◆ YOUR INSTRUCTIONS
If a record holds a picture, omit the picture, but copy everything else below exactly.

.....

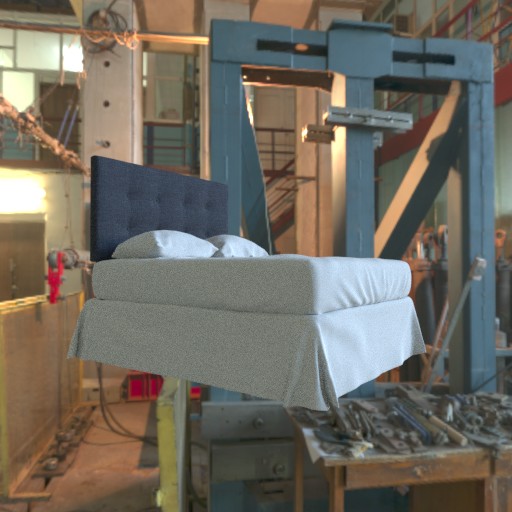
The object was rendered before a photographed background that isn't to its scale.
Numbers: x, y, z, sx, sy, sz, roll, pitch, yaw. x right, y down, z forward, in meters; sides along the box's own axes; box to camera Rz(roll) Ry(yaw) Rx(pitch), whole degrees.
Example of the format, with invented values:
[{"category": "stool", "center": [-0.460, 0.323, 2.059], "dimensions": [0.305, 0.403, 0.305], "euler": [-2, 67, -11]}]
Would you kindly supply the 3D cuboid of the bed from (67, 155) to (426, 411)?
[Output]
[{"category": "bed", "center": [0.000, 0.000, 3.523], "dimensions": [2.222, 1.577, 1.936], "euler": [-1, -1, 36]}]

.....

◆ YOUR SOLUTION
The object was rendered before a photographed background that isn't to its scale.
Numbers: x, y, z, sx, sy, sz, roll, pitch, yaw. x right, y down, z forward, in meters; sides along the box's own axes; box to camera Rz(roll) Ry(yaw) Rx(pitch), whole degrees.
Example of the format, with invented values:
[{"category": "stool", "center": [-0.460, 0.323, 2.059], "dimensions": [0.305, 0.403, 0.305], "euler": [-2, 67, -11]}]
Would you kindly supply the 3D cuboid of the bed from (67, 155) to (426, 411)?
[Output]
[{"category": "bed", "center": [0.000, 0.000, 3.523], "dimensions": [2.222, 1.577, 1.936], "euler": [-1, -1, 36]}]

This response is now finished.